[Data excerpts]
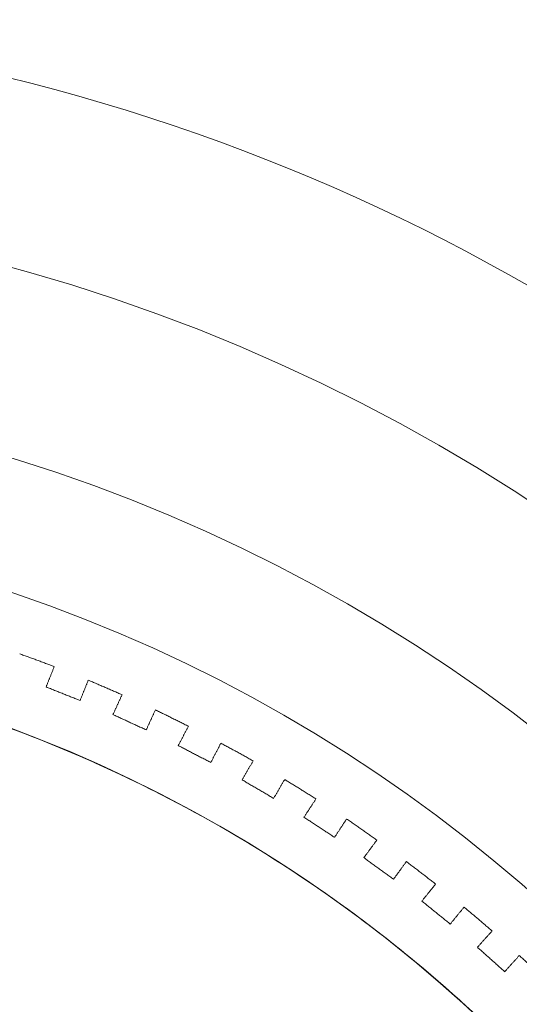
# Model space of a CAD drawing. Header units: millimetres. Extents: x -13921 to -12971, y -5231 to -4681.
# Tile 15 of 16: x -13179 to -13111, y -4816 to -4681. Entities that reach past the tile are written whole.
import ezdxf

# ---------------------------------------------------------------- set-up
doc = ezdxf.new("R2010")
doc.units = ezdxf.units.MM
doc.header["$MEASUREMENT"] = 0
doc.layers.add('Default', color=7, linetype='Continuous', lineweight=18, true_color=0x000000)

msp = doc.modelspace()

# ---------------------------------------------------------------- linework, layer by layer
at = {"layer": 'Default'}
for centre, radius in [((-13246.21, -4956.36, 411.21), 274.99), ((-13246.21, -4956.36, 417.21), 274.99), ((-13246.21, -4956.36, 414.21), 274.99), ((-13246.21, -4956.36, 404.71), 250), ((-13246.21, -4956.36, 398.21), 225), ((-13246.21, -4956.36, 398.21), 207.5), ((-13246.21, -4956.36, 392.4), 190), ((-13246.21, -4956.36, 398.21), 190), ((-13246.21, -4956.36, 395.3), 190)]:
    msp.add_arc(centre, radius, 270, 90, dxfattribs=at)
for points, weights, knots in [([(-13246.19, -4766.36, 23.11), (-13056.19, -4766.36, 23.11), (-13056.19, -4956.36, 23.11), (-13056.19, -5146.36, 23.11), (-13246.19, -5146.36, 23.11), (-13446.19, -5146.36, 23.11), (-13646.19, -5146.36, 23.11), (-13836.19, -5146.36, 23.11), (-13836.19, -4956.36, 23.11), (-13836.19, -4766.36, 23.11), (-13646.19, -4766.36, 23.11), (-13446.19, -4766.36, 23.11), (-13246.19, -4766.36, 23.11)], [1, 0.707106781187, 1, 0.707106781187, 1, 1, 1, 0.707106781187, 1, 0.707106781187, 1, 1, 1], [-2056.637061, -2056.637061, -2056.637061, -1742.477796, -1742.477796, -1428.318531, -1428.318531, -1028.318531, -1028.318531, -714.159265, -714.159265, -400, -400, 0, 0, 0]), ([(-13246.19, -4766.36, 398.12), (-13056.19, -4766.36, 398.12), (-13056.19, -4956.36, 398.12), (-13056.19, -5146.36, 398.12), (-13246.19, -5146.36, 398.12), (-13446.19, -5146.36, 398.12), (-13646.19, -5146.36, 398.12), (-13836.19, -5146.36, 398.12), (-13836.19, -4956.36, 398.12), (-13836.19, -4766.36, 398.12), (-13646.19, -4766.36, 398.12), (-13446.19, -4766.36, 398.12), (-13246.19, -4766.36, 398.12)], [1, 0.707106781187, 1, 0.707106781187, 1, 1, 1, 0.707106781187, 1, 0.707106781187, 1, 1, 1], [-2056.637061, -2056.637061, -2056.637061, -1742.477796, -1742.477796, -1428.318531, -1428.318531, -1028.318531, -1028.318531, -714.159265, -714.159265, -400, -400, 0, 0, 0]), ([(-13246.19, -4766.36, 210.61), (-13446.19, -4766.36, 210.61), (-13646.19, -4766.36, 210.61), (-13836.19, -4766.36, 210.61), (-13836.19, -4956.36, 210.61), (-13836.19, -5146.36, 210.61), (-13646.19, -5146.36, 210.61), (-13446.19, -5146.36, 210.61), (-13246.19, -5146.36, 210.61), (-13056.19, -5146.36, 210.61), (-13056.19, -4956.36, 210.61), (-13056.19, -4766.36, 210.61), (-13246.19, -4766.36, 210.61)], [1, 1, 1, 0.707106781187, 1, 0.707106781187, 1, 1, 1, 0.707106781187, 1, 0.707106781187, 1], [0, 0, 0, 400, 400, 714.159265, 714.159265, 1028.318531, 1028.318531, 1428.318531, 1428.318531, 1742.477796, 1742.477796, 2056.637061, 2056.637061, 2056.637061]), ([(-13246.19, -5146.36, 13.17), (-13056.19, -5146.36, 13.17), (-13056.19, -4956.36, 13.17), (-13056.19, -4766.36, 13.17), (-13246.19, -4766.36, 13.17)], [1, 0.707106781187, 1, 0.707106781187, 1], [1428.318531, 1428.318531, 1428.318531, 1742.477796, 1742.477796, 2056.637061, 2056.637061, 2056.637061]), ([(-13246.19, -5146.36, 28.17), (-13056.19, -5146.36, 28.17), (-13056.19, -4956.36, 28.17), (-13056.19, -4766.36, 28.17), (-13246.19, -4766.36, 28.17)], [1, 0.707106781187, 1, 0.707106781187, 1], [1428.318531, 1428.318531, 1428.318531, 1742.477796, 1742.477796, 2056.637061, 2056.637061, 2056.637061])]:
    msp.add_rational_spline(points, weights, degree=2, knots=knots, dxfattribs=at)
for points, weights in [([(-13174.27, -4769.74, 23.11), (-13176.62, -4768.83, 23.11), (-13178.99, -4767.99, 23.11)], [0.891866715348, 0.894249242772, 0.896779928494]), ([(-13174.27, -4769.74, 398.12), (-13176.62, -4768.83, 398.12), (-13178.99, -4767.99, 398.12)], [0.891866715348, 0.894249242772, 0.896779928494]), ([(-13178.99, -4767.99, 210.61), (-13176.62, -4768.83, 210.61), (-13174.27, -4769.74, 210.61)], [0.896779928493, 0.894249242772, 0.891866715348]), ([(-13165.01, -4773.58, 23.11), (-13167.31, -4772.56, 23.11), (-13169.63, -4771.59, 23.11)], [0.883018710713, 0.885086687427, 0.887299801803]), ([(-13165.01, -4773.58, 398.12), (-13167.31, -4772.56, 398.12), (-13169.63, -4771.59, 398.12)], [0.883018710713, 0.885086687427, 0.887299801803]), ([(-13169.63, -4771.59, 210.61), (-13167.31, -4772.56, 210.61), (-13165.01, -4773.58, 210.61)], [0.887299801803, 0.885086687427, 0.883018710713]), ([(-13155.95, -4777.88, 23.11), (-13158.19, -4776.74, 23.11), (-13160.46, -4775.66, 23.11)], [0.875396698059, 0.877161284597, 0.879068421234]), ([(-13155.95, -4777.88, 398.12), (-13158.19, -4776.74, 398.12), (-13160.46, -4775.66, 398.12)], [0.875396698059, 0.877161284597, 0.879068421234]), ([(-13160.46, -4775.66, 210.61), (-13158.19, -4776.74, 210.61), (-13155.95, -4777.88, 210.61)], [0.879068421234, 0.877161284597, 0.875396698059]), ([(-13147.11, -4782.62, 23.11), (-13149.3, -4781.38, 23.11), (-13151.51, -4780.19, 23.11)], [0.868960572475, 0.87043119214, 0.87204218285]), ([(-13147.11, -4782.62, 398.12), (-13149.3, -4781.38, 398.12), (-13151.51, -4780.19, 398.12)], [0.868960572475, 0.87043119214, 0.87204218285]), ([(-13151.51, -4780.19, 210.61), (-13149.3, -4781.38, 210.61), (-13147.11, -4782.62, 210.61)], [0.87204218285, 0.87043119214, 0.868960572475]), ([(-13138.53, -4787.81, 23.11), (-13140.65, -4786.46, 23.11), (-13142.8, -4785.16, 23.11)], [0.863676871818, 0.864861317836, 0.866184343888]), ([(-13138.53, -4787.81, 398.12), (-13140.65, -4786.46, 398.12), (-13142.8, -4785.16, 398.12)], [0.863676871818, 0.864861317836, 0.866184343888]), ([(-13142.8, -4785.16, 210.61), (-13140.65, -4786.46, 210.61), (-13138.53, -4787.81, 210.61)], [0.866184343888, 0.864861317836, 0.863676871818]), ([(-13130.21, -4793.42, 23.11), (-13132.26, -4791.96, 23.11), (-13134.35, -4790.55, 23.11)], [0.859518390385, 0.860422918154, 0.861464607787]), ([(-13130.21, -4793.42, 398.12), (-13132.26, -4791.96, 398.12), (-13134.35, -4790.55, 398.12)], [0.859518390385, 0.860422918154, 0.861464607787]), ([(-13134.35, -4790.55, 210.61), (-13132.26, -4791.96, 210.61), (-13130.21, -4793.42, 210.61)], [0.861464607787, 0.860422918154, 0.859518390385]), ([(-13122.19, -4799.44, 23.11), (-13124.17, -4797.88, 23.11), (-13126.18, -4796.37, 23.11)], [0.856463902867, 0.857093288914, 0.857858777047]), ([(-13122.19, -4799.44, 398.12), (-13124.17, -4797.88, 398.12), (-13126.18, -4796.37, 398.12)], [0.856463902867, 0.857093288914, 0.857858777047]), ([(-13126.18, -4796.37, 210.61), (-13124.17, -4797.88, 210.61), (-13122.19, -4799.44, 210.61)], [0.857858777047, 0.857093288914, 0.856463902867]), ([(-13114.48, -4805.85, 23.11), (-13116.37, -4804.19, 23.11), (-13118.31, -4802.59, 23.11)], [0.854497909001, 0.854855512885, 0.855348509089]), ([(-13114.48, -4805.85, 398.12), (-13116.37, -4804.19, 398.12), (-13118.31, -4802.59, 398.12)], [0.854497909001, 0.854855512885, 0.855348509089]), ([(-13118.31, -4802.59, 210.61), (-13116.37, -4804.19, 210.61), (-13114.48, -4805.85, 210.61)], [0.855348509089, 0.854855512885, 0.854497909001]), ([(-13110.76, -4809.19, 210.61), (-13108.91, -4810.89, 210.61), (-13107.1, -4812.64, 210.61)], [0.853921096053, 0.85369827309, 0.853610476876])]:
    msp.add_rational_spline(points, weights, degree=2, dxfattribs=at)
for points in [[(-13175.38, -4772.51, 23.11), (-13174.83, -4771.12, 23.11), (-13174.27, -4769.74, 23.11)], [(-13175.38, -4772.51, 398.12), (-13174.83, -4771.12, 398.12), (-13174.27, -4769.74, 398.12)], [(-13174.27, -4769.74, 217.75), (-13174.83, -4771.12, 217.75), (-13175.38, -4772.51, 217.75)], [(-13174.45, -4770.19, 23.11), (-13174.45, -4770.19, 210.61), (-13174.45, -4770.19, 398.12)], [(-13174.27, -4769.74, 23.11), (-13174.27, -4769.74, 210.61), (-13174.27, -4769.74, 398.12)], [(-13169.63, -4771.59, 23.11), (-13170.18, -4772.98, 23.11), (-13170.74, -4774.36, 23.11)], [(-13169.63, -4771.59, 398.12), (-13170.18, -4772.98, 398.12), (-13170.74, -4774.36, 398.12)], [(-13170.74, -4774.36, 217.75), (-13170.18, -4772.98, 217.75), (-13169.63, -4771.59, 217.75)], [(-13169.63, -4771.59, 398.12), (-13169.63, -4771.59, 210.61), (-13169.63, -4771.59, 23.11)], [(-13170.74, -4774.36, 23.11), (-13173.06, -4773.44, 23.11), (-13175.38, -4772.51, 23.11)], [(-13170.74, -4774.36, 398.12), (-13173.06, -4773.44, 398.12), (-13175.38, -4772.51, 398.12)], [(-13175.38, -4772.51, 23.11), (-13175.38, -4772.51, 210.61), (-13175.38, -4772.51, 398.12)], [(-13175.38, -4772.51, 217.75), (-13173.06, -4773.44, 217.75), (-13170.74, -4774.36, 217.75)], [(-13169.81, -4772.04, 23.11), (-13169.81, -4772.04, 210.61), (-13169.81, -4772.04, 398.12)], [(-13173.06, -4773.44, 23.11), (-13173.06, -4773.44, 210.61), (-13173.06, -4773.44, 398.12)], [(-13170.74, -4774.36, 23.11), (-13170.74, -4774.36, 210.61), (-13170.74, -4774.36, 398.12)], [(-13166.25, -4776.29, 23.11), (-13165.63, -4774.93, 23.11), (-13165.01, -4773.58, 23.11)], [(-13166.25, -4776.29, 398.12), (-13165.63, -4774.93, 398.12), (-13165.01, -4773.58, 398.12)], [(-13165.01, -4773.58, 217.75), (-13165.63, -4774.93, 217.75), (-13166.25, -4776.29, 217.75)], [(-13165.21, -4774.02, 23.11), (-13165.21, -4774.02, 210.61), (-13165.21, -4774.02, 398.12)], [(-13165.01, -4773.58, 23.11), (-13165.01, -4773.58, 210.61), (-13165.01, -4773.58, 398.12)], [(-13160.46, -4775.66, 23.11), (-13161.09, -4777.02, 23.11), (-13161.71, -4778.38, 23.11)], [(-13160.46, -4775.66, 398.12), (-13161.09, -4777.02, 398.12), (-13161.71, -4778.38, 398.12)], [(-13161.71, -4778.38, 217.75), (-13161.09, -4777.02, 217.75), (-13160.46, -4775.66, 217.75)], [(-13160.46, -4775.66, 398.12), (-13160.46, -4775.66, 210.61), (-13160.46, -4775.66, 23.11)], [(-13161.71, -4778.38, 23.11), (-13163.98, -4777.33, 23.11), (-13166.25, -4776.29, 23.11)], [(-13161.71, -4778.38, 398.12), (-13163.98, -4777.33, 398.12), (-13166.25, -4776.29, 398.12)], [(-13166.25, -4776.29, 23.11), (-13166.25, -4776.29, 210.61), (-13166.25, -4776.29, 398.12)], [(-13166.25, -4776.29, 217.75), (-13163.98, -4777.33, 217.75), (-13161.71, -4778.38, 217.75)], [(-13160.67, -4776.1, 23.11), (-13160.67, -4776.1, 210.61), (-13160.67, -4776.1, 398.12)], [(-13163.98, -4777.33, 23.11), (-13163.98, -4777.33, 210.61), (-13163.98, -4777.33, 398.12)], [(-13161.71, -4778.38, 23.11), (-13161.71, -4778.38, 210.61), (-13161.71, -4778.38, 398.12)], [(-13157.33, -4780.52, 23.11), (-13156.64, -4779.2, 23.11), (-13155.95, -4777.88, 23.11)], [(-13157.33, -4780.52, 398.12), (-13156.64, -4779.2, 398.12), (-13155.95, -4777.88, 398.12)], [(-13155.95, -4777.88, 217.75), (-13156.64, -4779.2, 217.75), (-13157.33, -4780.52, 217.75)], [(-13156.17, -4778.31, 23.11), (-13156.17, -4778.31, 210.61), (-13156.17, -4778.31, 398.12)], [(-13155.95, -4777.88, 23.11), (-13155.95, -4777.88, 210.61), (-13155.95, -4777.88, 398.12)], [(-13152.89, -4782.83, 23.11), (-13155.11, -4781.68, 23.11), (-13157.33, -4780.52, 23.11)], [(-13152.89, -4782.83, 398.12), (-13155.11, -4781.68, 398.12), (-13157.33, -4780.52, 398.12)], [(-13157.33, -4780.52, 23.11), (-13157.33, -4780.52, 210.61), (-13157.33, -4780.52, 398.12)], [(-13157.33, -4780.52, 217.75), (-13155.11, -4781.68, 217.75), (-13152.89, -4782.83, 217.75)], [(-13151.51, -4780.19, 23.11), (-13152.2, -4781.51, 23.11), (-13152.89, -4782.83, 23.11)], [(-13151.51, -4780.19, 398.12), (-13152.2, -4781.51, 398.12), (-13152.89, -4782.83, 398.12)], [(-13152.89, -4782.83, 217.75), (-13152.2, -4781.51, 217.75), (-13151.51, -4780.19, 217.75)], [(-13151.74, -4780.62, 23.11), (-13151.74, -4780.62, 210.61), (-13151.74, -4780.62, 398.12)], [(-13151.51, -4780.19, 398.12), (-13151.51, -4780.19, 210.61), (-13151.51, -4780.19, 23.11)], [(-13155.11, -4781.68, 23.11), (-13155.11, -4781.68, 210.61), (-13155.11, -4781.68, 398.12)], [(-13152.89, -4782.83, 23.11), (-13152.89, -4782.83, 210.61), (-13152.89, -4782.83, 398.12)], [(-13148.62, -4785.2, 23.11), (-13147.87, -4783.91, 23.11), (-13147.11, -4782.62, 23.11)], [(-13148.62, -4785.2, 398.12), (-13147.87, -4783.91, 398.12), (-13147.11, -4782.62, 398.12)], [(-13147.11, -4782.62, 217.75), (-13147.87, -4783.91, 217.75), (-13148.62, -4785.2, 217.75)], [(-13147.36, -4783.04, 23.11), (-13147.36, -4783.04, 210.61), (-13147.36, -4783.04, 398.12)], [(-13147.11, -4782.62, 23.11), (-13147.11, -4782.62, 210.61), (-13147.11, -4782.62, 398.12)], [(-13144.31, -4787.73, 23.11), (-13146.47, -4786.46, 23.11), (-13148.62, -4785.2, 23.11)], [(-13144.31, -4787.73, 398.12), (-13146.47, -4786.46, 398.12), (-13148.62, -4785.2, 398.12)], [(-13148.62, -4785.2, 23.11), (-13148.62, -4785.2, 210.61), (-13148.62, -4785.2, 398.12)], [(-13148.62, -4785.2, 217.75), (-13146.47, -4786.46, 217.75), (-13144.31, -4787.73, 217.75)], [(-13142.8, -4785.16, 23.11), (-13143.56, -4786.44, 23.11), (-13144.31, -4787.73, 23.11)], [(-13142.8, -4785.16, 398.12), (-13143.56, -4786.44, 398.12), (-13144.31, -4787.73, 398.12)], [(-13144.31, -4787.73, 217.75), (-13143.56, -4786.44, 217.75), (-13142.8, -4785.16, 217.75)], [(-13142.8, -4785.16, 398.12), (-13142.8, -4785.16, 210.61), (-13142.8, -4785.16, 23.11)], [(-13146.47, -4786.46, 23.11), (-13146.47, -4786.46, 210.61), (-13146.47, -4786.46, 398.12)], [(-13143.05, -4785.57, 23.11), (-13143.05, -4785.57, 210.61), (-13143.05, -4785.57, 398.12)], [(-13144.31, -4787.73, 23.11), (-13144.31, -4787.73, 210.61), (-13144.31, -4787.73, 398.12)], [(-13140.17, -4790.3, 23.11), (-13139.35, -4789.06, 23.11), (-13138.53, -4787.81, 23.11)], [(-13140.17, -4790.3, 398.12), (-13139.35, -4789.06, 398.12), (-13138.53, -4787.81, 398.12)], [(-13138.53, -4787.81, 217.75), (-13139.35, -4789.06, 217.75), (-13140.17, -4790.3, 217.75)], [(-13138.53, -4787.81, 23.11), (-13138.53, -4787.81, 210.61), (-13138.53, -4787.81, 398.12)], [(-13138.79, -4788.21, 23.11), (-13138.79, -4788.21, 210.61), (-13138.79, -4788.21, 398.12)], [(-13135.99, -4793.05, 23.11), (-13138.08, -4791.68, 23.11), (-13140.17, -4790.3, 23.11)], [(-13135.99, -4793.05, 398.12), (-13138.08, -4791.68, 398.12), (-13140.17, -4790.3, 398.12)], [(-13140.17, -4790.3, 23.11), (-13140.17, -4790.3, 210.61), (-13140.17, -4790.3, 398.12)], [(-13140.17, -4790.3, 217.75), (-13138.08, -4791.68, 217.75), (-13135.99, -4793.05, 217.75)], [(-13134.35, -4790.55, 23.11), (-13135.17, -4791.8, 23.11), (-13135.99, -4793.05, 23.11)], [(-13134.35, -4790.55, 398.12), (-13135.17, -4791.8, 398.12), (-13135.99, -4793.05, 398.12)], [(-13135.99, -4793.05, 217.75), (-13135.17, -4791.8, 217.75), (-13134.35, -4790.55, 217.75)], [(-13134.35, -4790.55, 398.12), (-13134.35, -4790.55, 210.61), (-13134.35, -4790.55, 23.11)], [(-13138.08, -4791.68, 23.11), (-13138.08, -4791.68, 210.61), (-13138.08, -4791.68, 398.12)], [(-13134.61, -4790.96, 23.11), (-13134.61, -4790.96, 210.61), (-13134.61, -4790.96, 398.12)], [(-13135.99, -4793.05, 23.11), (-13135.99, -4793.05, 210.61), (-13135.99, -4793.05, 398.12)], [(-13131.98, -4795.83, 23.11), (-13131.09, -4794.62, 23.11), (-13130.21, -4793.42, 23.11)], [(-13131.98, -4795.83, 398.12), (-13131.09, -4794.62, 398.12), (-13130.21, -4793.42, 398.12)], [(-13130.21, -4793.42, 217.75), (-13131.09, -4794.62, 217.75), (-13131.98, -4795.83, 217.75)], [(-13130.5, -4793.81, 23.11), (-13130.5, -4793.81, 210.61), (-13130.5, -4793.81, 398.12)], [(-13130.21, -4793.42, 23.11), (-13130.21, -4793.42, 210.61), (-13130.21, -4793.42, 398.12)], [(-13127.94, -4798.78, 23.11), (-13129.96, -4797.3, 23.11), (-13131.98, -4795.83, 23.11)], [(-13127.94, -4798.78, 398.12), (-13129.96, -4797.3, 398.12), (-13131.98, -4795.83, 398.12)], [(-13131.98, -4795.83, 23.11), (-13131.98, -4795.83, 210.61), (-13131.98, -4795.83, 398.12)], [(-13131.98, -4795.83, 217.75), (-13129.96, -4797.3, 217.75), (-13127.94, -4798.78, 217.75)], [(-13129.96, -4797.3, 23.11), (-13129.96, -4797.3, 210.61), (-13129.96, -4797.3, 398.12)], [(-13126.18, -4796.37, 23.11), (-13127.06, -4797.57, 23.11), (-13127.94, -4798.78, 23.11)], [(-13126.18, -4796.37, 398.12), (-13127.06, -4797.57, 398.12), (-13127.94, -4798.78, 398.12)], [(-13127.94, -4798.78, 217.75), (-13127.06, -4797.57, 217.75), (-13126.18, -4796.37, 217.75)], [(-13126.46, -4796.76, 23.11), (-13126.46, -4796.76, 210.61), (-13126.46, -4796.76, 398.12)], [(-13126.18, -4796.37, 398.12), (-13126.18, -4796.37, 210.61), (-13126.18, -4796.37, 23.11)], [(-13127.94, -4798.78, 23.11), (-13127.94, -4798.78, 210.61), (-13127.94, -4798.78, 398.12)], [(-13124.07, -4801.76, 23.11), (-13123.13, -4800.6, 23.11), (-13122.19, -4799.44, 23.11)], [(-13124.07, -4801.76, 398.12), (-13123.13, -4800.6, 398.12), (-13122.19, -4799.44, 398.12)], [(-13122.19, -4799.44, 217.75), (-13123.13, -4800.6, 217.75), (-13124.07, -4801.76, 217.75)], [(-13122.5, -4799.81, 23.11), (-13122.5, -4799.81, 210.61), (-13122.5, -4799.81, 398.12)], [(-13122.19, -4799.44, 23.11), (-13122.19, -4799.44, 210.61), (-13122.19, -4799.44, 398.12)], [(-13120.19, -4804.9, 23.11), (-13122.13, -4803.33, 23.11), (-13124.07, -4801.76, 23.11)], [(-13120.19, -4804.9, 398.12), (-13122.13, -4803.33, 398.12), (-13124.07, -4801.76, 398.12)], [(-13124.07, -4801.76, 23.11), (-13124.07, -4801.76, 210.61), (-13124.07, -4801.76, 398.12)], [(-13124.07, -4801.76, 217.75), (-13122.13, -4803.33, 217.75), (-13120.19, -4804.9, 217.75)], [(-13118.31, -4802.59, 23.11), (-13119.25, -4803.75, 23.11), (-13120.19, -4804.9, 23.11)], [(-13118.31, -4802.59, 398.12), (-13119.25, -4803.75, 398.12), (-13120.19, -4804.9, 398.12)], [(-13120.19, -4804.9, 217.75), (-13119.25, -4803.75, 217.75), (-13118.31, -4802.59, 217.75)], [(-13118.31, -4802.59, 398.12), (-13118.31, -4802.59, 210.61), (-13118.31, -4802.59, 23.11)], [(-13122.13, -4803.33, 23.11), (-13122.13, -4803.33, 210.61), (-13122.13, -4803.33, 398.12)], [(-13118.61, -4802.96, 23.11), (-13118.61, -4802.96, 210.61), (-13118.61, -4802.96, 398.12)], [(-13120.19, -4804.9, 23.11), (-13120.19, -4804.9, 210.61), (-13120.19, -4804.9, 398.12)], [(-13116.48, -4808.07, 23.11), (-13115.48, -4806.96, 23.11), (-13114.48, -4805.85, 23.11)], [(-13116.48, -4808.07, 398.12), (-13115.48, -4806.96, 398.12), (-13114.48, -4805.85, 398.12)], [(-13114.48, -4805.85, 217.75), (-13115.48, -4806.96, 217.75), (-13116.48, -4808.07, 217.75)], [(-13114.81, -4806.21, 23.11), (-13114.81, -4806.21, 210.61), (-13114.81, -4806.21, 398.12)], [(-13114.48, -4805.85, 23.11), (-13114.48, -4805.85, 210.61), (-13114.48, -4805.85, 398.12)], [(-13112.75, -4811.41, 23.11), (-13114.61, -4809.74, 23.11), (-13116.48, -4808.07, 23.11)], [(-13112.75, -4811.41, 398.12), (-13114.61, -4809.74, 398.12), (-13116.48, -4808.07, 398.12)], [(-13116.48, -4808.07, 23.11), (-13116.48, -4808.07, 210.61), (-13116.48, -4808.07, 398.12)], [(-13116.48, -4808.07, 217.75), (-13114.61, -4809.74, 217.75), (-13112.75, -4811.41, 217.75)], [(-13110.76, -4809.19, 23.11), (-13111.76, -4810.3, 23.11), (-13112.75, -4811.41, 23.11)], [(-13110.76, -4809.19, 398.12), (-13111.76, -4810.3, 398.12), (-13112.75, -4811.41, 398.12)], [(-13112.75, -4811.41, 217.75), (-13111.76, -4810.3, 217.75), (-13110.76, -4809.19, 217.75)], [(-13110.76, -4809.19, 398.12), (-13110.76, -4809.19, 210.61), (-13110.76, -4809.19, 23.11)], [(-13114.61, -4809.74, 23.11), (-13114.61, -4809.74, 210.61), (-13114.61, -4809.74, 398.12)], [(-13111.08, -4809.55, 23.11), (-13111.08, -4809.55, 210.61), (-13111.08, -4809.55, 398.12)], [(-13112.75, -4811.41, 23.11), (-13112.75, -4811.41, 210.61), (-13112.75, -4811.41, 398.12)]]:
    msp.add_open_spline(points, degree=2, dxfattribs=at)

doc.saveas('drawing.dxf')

• Exercise details
Determine the count of lines in the data above with the string "drawing" in them, and give that count alone.

• Answer to this task
2